Hozier’s fans have thanked him for speaking out on the issue, with one writing: “Hozier always puts politics at the forefront of his art and I love it with my whole heart.”

Tennessee’s abhorrent drag ban has left drag performers “fearful” and “angry” as they battle for their “right to exist”. 

“This is a movement coming from the religious right, and [it’s] feeling like somehow we’ve been dragged 54 years back in time to Stonewall again,” Memphis-based drag queen Bella DuBalle told PinkNews last week.

RuPaul’s Drag Race stars have united in their attempts to tackle the anti-drag legislation, with alumni including Jinkx Monsoon and The Vivienne speaking up against the bans.

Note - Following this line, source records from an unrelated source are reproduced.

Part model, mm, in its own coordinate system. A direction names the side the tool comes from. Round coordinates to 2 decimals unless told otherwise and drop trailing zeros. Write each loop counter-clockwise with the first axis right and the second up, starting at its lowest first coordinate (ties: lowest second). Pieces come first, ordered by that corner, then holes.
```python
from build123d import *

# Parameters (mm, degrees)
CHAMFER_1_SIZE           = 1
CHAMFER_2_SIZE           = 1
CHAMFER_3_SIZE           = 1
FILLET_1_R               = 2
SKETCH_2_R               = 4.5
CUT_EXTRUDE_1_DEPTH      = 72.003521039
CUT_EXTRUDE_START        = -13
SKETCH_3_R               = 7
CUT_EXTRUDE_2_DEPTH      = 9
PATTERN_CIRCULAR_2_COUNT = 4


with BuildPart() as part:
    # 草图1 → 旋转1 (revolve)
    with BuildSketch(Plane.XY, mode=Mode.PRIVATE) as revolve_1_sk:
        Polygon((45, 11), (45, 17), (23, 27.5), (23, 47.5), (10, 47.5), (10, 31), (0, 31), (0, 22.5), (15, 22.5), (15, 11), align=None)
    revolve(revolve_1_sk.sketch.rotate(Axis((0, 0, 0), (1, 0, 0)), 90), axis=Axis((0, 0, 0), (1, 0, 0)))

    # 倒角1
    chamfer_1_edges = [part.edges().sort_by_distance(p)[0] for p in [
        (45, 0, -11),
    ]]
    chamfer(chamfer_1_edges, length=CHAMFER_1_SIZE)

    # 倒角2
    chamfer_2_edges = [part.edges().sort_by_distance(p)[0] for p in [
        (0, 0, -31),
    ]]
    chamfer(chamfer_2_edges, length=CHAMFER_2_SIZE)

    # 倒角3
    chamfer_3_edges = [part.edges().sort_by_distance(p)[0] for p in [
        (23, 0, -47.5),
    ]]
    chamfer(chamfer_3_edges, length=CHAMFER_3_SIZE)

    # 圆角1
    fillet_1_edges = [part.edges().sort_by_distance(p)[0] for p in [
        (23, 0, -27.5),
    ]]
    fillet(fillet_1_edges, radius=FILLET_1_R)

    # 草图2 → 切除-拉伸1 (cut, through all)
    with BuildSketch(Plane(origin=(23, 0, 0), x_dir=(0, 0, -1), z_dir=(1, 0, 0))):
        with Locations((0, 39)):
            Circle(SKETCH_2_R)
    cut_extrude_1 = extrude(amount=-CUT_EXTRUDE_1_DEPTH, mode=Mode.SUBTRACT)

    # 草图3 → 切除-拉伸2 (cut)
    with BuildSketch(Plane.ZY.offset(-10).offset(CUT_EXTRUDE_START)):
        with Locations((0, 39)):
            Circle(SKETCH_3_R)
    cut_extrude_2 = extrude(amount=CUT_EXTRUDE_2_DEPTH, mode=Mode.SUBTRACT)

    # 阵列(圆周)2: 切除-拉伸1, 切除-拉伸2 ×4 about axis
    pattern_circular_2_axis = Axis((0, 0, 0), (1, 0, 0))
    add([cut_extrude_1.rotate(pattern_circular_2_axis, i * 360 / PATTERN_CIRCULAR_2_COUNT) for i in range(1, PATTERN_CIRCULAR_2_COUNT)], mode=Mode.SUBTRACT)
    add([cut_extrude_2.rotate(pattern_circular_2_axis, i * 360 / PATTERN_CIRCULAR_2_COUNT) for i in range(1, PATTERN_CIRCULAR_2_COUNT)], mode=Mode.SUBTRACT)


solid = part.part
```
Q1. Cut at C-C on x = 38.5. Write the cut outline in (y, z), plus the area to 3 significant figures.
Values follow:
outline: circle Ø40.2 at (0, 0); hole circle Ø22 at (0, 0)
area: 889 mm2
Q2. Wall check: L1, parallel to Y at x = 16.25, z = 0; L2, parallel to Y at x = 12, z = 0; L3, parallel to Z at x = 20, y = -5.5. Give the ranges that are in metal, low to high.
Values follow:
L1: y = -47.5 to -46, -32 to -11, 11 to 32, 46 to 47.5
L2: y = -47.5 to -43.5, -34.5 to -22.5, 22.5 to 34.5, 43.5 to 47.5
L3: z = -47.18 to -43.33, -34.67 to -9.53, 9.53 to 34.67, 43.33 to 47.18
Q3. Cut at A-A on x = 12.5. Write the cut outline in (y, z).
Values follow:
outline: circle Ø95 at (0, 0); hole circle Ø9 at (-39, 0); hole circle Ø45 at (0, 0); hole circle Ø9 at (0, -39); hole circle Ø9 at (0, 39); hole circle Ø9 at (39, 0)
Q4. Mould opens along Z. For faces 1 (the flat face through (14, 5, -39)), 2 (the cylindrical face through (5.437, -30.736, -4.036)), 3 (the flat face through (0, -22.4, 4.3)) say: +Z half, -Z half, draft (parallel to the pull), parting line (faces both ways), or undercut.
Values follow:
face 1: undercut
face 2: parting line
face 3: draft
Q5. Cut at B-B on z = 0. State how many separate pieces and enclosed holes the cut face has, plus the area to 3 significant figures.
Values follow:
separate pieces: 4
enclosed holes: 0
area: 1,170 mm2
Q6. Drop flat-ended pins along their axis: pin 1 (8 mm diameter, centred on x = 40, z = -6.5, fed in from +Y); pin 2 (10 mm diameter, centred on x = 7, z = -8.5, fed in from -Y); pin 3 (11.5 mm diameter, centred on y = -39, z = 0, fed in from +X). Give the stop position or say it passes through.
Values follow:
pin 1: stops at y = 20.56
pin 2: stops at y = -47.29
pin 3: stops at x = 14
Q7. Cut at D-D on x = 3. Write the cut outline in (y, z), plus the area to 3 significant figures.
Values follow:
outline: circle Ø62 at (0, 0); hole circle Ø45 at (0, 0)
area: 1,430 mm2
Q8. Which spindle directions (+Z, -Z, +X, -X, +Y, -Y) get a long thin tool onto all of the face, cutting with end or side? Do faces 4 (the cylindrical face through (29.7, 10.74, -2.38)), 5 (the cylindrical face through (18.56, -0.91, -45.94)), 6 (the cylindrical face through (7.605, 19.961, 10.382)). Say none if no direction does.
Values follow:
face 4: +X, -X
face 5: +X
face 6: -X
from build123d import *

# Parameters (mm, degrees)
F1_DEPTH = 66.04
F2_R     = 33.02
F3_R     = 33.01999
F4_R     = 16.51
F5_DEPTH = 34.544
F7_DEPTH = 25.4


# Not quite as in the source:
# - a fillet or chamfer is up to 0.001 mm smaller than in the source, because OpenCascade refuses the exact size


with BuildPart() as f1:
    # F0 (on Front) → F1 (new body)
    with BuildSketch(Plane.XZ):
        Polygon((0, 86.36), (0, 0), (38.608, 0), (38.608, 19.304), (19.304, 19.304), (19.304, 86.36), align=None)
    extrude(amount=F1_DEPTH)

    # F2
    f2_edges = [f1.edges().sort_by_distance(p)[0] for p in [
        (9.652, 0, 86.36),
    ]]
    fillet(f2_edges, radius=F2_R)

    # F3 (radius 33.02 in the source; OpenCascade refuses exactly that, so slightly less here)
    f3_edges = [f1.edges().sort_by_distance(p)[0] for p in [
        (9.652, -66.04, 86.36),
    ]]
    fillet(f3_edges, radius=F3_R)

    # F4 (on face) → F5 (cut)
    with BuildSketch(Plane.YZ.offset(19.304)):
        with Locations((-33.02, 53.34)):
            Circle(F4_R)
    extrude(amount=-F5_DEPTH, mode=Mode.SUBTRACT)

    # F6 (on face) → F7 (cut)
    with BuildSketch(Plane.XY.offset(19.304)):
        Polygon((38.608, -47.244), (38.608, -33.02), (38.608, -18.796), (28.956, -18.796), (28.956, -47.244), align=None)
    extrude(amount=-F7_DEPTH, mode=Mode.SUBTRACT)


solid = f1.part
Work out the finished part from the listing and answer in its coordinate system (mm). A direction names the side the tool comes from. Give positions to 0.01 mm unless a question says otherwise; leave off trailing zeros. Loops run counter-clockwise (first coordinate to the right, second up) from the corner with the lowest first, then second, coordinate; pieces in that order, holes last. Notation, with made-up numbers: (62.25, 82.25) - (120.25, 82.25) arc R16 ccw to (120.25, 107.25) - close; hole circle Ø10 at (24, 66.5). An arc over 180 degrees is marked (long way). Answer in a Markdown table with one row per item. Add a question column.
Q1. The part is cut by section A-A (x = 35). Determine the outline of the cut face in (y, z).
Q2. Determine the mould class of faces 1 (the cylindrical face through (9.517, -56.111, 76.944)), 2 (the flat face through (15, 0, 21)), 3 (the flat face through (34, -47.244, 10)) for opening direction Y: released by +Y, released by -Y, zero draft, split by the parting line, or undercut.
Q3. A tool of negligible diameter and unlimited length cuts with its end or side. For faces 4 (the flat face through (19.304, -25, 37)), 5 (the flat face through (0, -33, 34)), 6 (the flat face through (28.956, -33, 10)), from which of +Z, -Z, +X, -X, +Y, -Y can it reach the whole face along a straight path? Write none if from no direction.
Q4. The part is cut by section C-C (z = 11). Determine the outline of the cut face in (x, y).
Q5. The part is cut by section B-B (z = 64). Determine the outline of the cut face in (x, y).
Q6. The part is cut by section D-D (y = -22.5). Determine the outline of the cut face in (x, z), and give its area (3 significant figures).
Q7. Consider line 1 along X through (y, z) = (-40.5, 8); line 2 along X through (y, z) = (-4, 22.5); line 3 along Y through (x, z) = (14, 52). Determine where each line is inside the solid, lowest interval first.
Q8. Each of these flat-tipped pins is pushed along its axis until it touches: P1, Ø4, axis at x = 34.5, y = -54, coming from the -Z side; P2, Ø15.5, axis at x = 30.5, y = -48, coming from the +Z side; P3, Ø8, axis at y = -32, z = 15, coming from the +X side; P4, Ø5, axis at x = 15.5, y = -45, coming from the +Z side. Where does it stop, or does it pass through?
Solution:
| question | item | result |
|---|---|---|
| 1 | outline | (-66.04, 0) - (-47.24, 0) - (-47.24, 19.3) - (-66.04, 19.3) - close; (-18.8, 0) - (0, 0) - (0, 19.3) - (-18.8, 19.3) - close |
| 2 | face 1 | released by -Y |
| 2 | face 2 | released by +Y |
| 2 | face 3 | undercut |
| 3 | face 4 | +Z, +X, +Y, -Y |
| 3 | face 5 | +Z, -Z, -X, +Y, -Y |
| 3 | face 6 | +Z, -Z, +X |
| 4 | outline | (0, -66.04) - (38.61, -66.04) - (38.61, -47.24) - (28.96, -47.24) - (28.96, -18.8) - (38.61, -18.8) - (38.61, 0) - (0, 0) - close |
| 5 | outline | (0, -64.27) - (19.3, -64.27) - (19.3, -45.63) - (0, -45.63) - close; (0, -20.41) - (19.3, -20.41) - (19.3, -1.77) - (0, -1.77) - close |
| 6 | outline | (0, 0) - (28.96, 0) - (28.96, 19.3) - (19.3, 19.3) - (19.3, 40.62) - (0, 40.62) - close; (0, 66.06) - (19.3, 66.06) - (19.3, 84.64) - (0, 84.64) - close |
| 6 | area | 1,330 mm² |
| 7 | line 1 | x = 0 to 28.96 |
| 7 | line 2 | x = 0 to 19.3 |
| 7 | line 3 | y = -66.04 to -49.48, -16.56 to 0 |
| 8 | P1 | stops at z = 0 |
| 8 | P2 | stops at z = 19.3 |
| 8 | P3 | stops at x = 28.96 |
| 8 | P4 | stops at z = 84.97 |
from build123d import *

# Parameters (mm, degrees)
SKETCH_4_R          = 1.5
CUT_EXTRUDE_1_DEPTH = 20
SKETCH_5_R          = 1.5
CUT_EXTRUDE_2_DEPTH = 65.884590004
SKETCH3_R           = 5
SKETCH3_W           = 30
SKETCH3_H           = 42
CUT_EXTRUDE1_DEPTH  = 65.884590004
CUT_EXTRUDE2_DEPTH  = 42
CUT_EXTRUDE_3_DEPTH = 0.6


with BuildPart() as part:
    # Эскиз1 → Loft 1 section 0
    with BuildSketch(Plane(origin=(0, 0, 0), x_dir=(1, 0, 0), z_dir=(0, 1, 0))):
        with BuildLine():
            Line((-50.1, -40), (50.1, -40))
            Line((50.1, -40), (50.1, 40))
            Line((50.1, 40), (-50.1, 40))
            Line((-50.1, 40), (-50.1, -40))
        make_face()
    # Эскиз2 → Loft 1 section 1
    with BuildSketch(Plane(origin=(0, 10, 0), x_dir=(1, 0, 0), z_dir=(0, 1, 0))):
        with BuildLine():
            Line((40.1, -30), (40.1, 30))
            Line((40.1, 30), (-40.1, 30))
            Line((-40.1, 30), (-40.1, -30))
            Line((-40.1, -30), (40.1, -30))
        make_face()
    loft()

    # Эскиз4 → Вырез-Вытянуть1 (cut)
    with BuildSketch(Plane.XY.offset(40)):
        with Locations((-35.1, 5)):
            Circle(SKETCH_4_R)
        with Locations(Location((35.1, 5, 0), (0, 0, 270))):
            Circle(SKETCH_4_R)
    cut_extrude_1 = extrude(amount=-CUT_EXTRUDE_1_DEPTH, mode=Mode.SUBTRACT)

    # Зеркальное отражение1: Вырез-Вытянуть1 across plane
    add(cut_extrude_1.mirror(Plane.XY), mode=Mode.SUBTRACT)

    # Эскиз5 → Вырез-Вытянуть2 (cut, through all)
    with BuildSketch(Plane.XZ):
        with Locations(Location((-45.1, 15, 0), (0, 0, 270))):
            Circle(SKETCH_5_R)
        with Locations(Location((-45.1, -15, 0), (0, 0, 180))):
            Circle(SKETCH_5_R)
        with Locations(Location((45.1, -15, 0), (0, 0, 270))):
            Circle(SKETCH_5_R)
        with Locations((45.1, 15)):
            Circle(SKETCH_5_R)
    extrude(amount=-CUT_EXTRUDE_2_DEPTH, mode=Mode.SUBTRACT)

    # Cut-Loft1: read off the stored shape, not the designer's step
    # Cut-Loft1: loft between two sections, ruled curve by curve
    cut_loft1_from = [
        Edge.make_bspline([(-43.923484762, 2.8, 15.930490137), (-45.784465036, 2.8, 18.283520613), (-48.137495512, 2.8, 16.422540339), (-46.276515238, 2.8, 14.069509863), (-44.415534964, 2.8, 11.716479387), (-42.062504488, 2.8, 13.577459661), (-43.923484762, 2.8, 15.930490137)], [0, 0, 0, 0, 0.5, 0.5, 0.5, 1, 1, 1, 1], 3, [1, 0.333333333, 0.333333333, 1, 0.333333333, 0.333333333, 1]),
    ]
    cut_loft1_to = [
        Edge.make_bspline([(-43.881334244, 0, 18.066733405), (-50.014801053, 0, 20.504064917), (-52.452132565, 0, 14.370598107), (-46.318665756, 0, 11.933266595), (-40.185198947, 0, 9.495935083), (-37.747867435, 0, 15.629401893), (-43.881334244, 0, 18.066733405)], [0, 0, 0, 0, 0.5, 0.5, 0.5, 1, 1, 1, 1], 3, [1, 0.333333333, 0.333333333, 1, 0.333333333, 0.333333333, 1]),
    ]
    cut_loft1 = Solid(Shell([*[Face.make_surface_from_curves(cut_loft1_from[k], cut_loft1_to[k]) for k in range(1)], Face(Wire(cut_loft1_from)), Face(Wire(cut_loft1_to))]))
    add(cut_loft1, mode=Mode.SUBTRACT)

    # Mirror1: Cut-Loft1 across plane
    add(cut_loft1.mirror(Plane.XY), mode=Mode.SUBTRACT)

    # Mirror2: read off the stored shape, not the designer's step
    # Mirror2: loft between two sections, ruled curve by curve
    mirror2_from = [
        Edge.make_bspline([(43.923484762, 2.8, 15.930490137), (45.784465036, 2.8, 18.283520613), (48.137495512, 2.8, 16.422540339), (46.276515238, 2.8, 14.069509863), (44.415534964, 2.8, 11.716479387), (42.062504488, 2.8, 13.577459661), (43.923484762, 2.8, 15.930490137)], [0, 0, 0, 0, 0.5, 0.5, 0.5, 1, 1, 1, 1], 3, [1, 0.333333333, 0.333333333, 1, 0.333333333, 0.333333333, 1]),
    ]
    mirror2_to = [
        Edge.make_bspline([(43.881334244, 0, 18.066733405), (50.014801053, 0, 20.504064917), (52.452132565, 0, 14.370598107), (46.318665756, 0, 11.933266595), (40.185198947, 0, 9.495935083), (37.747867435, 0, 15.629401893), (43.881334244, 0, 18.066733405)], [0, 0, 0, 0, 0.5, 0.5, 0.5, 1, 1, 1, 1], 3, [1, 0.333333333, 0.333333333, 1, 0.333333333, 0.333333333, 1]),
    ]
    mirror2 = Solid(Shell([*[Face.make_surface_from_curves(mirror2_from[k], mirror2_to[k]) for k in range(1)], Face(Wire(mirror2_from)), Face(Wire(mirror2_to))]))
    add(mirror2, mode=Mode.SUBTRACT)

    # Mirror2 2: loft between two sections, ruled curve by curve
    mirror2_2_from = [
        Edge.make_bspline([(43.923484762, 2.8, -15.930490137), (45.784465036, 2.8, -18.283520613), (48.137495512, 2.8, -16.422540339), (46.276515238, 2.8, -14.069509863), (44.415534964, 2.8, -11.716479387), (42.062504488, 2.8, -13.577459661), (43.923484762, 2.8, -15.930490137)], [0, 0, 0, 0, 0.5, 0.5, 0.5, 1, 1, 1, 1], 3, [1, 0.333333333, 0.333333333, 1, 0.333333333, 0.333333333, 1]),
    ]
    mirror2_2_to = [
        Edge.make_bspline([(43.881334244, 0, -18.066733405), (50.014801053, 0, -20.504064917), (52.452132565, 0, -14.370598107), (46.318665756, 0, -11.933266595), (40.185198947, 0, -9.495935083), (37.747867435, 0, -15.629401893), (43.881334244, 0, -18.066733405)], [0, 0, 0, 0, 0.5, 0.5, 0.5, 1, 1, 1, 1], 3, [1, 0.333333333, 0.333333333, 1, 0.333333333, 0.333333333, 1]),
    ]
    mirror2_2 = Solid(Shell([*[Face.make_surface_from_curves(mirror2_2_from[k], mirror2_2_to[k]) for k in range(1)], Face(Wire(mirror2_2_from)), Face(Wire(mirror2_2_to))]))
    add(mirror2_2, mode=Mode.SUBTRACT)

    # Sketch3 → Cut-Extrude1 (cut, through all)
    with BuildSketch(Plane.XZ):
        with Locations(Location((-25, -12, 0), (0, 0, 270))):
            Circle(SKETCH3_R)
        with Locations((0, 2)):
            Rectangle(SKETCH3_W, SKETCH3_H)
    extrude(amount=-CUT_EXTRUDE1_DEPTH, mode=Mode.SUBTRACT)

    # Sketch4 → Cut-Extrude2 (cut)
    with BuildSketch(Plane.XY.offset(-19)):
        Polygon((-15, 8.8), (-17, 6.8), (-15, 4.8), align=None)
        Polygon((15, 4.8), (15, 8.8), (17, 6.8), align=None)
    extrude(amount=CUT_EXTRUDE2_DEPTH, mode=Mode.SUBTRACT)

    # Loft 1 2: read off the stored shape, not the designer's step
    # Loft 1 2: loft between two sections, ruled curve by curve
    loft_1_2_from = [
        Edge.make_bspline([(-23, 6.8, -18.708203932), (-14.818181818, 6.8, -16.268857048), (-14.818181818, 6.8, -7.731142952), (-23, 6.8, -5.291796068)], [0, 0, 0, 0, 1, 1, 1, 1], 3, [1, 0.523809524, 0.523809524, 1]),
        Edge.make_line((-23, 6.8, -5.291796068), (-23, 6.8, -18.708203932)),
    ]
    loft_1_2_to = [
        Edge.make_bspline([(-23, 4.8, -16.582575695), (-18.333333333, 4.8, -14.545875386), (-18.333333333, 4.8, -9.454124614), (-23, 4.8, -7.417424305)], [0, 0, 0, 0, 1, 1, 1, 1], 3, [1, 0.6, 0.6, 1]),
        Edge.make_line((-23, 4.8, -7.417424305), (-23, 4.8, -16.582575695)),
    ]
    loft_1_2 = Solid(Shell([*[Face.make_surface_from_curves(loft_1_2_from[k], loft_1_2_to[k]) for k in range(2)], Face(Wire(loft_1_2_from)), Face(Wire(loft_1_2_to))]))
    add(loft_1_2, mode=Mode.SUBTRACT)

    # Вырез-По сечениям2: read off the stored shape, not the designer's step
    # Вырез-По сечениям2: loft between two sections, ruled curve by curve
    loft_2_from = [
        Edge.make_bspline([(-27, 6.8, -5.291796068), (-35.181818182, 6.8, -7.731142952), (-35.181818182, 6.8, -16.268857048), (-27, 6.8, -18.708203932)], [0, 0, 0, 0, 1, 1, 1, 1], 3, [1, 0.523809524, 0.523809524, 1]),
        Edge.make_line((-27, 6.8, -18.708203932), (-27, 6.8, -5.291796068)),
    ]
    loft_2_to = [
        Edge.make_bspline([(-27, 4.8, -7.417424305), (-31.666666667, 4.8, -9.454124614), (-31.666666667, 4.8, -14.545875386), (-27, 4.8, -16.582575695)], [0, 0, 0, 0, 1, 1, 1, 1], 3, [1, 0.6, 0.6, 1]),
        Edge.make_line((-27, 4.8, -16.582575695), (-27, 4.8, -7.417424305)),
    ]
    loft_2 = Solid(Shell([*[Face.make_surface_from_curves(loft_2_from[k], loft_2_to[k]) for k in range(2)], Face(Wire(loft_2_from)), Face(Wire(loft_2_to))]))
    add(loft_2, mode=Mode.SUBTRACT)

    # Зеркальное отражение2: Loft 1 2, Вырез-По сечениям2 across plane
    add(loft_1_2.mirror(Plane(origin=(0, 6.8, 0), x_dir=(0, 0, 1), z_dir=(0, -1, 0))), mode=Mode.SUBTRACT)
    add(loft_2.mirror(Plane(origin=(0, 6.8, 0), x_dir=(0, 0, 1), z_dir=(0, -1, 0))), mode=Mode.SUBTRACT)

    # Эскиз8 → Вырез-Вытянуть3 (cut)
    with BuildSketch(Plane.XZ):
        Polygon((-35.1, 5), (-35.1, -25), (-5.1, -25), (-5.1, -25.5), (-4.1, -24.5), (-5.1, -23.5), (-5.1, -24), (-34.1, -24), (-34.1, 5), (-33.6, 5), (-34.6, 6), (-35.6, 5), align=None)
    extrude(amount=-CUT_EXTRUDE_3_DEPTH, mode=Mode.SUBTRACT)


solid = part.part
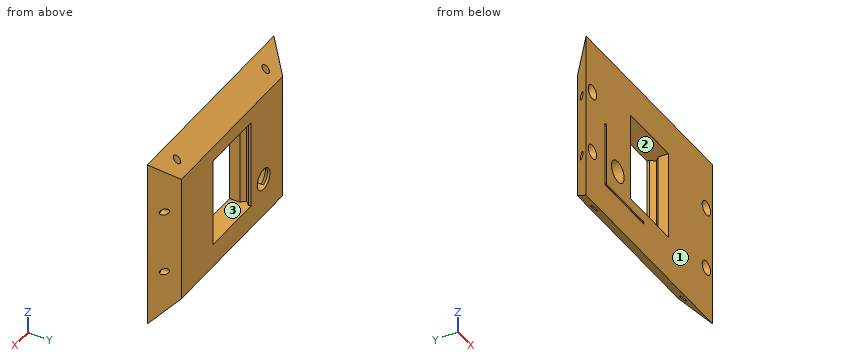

RuPaul himself has taken aim at the “stunt queens” in office in the US who are seeking to distract the public from “the real issues”.

“We know that bullies are incompetent at solving real issues,” RuPaul shared in a video. “They look for easy targets so they can give the impression of being effective.”

Celebrities including Dylan Mulvaney, Melissa McCarthy and Kevin Bacon have also joined the growing number of stars who are speaking out about the legislation.

While the Tennessee ban has passed, anti-drag laws are currently progressing in states across the US, from Montana down to Texas.